Brady has New England at 9-3, and the Patriots are still in the hunt for the No.1 seed in AFC. Should Houston stumble in their last four games, a win for the Patriots could make the difference between two home playoff games or one.
Brady has won two MVPs, and is currently fourth in the league in touchdown passes, fifth in passer rating, and sixth in passing yards.It will be the first time Watt has matched up against the veteran quarterback.
Watt has faced Manning, when the Texans traveled to Denver in Week Three.
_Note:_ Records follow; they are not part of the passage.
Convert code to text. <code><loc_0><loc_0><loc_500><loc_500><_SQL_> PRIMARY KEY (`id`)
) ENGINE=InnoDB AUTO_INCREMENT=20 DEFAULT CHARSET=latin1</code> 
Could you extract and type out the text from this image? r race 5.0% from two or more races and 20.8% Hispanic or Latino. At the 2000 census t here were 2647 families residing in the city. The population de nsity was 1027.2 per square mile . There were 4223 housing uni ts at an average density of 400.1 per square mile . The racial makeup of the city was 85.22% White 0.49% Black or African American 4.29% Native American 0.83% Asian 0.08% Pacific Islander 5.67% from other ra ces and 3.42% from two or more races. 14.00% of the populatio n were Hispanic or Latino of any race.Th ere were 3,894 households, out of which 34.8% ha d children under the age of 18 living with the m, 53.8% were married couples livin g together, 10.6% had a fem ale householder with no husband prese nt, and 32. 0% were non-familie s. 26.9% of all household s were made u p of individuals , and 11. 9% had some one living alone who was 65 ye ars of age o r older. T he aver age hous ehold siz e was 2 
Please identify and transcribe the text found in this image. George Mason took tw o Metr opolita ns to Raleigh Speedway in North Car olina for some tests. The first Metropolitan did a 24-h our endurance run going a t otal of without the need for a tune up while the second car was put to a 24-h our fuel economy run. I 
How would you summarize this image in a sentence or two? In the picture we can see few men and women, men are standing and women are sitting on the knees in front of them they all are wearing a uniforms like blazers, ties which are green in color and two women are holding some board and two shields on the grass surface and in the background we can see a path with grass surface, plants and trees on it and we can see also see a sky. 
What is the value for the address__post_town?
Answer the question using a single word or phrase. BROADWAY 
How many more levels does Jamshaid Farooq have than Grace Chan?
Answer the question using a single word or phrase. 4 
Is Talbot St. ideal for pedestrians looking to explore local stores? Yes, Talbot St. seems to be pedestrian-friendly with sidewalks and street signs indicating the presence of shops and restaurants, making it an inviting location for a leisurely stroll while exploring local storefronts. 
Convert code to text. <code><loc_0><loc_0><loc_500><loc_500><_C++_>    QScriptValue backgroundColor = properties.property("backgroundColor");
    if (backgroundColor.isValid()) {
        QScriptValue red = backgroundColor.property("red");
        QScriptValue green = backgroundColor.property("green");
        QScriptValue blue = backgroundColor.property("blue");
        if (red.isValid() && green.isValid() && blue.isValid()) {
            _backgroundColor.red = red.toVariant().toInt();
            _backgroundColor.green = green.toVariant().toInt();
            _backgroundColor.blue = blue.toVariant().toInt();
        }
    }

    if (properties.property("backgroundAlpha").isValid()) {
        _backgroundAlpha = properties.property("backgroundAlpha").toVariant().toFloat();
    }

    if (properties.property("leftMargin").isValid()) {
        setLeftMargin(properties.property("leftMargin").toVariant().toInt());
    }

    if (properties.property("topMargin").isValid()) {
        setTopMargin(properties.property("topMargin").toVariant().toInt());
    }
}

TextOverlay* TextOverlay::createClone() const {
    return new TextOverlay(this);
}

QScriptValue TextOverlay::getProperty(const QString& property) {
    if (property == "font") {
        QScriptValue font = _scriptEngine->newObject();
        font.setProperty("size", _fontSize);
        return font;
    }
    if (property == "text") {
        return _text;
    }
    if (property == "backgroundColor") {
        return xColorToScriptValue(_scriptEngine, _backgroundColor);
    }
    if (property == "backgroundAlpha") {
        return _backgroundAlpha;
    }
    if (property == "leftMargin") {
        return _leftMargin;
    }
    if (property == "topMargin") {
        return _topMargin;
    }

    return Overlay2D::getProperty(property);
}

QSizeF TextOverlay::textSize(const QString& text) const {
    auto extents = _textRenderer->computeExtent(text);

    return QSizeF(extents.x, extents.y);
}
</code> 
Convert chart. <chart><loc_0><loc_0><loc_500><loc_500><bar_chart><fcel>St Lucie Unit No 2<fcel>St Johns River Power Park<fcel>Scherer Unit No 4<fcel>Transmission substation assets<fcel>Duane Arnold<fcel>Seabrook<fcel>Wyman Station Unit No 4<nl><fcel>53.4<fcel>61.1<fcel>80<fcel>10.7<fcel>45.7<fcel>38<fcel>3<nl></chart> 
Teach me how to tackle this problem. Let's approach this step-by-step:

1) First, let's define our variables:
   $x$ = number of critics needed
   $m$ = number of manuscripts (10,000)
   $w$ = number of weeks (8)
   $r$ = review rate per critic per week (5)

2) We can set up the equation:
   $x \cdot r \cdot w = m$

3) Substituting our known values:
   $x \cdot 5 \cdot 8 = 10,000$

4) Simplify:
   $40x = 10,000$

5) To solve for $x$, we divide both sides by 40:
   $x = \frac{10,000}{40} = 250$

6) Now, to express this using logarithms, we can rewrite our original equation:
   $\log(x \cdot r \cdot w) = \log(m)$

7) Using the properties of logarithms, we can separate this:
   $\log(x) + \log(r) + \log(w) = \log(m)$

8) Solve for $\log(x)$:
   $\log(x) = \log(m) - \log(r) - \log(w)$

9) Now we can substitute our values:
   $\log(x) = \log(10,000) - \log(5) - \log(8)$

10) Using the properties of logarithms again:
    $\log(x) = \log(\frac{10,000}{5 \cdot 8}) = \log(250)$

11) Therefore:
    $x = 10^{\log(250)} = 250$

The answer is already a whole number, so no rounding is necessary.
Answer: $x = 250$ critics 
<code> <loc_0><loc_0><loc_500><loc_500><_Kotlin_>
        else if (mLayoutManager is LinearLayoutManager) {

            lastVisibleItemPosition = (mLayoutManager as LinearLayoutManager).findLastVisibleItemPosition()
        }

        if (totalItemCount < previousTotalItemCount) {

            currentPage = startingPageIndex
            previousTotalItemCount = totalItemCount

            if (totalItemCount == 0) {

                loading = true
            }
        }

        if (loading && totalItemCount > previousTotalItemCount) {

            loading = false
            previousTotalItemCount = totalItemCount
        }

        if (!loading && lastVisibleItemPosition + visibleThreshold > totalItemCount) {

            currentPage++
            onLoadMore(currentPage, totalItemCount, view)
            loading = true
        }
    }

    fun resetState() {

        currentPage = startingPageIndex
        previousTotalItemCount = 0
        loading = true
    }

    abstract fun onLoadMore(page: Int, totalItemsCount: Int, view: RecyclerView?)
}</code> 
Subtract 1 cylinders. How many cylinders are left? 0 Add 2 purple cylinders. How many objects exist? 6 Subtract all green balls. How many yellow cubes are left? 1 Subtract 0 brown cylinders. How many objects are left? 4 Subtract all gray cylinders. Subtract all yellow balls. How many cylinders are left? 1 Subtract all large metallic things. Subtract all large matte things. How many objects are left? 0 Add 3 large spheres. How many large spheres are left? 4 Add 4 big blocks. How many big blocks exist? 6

Watt recorded a sack in the game, as Houston edged the Broncos, 31-25.
Manning has Denver on pace to match their best record since 2005, when the Broncos went 13-3 with Jake Plummer under center.
Manning could earn his fifth MVP by leading the Broncos to a 9-3 record, and in contention for a first-round bye.
In his first year in Denver, Manning is second in the league in passer rating, tied for fifth in completions, second in touchdown passes, and second in completion percentage.
Manning also has the advantage of being perhaps the best story in the league this season upon returning to action following neck surgeries that kept him sidelined all of 2011. Many questioned whether Manning would continue to effectively throw after the injury, or if he lost a step at age 36.
With such stiff competition, Watt appears to be a longshot for MVP.
Watt would have to break the single-season sack record of 22.5 set by Michael Strahan in 2001, manhandle Brady, and hope for Manning to fall into a slump in the final stretch of the season.
While Watt may have to settle for Defensive Player of the Year honors, his 2012 season has been an excellent one.